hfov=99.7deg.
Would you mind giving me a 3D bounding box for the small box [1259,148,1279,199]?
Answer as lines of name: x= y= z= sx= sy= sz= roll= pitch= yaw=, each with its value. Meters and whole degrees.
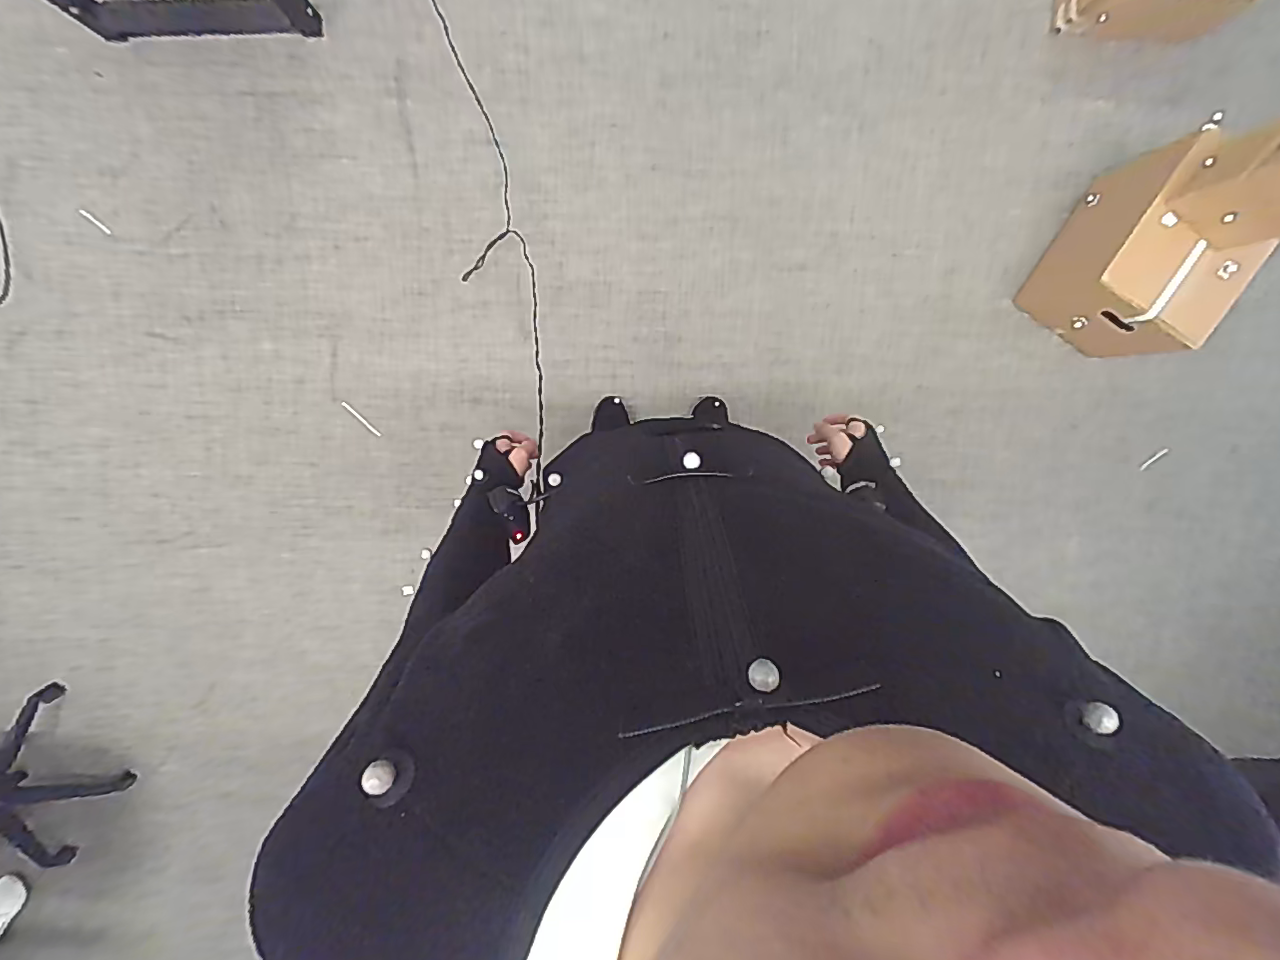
small box: x=1.325 y=-0.592 z=0.981 sx=0.179 sy=0.176 sz=0.168 roll=41 pitch=97 yaw=-4

▸ TASK STATEMENT:
In your copy, restate the data above word for word but leave out any picture.

▸ YOUR RESPONSE:
hfov=99.7deg.
Would you mind giving me a 3D bounding box for the small box [1259,148,1279,199]?
Answer as lines of name: x= y= z= sx= sy= sz= roll= pitch= yaw=, each with its value. Meters and whole degrees.
small box: x=1.325 y=-0.592 z=0.981 sx=0.179 sy=0.176 sz=0.168 roll=41 pitch=97 yaw=-4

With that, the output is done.